Who’ll Freeze First? A Puzzle About Size and Staying Warm - nej
http://noticing.co/on-size-and-warmth/
======
todd8
Forty two years ago, I read an essay from 1928 by J. B. S. Haldane titled "On
Being the Right Size" [1], it appeared in the wonderful four volume set _The
World of Mathematics_.

I've always remembered the main point: volume and properties related to volume
increase as the cube of the scale factor for similar objects while area
(surface or cross-section) increase as the square.
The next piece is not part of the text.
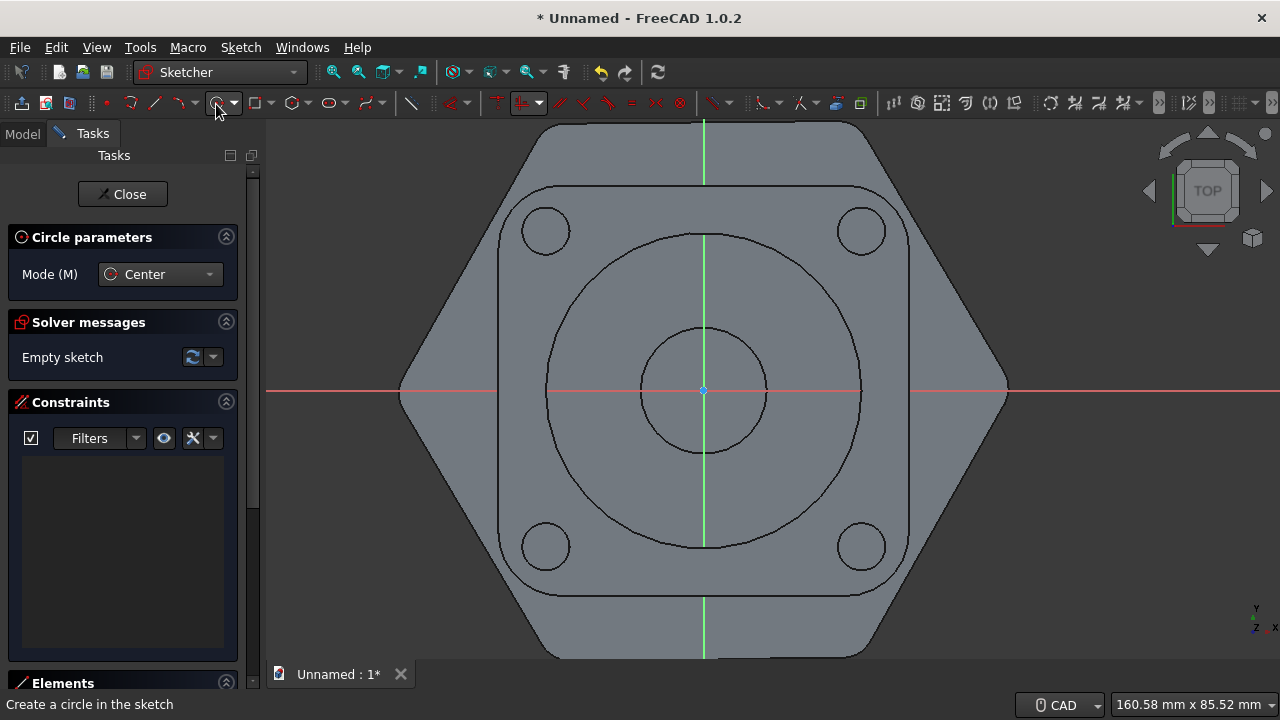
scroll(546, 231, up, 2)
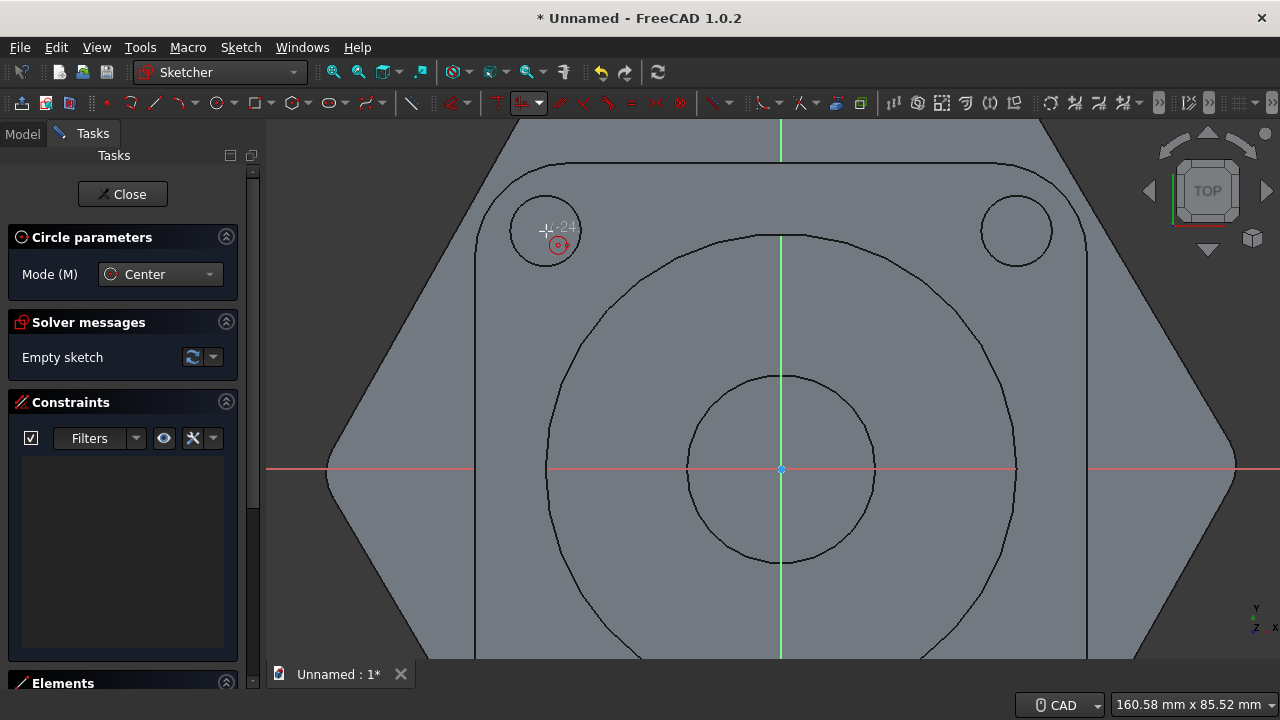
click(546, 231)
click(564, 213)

See for example the Google
interview question that appears in the movie "The Internship".

[1] [http://irl.cs.ucla.edu/papers/right-
size.html](http://irl.cs.ucla.edu/papers/right-size.html)

------
wruza
I thought it was always a "common knowledge" that small animals tend to eat
constantly and suffer sooner from food shortage because of higher relative
heat dissipation. Some mice eat up to 50-80% of their weight per day, opposed
to just few percents for biggies like elephants. Mice also have much faster
metabolism in the same conditions.

------
ucaetano
The same concept applies to animal (and plant, building, structure, etc.)
size: weight varies with the cube of the "size", while the cross-section of
the supporting structures (trunk, legs, etc.) varies with the square.

So the relationship "weight/supported weight" increases with size, to the
point where it won't support itself.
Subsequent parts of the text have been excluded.